It is way above my pay grade to ask whether you have considered keeping a diary in the closing month. Kind of like those confessionals they have on reality TV shows where each cast member confides private thoughts. As your scheduled departure date nears, does the concept of leaving w*rk become more strange or more comfortable? Do the days become longer? What last minute housekeeping or bureaucratic issues appeared? How is your family reacting? Not that I'm suggesting you should do this, but I think it might be a fascinating thread here. Just sayin'.

Anyway, good luck. I'm TMY behind you, so while I can't quite see it yet I know it's right over the horizon.
I figured I would give this a shot, if for no other reason than to get some of this down on “virtual” paper. I’m going to use separate posts in this thread to hit different pre-retirement topics, just to keep it manageable. But if you have specific questions, feel free to ask.

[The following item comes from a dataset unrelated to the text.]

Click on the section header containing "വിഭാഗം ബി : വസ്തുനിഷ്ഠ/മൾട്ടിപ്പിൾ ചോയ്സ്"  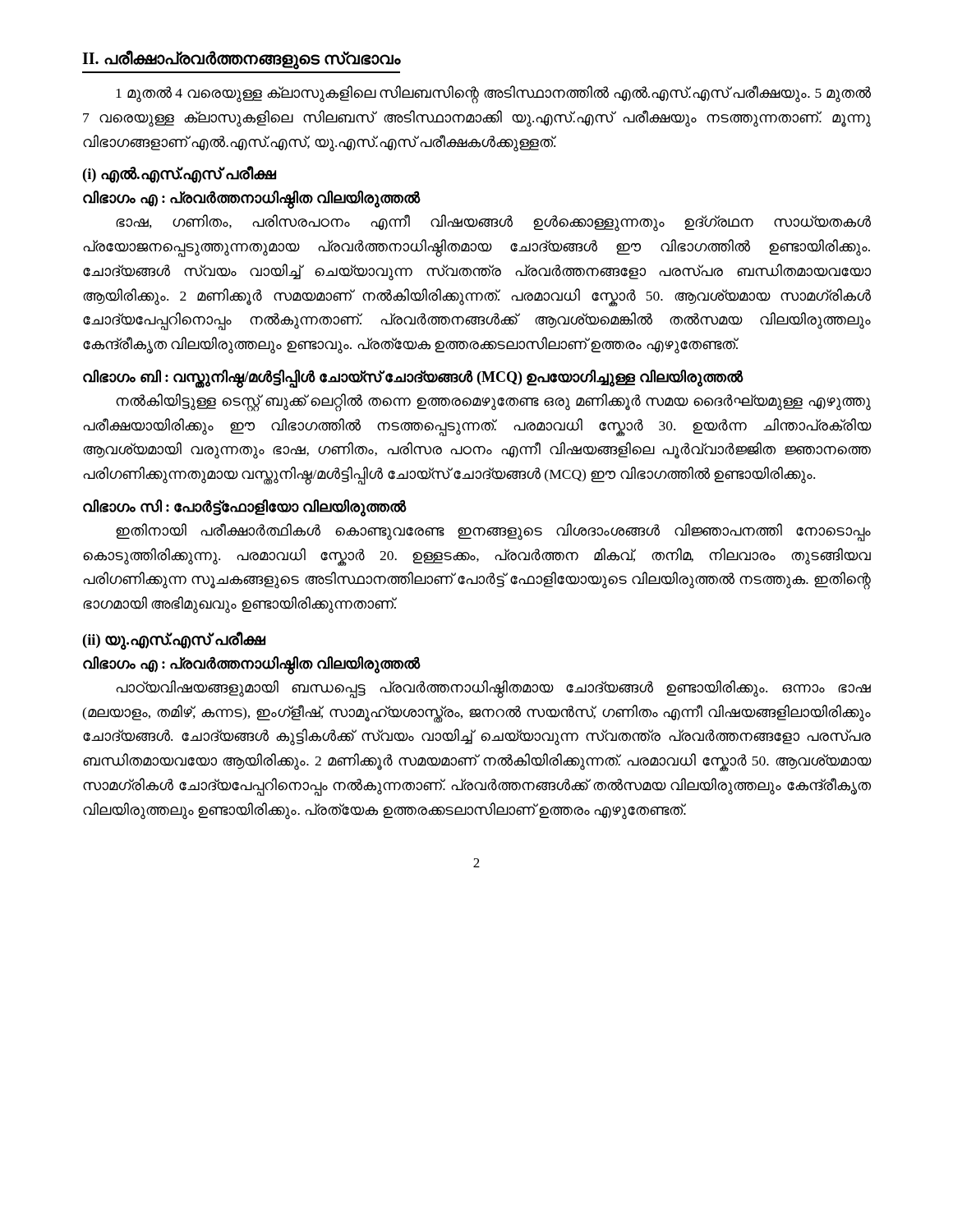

As I write this I am 3 days out. The concept of leaving work isn’t strange or uncomfortable. But the days at work do seem to be getting longer. We hired my replacement over 6 months ago and I gave my official notice at the beginning of the year. So as I’ve turned things over to him, I’ve had less and less to do. Trying to keep on the sidelines and let someone else take over has been a bit of a struggle. It is just not in my nature to not be directly involved. We’ll see how that affects me upon retiring.

The question I get asked a lot is “what are you going to do with yourself?” I’ve always been a planner, setting goals, making lists. It finally dawned on me that having specific goals for immediately after retirement would help. I’ve had a general idea, but not a formal plan.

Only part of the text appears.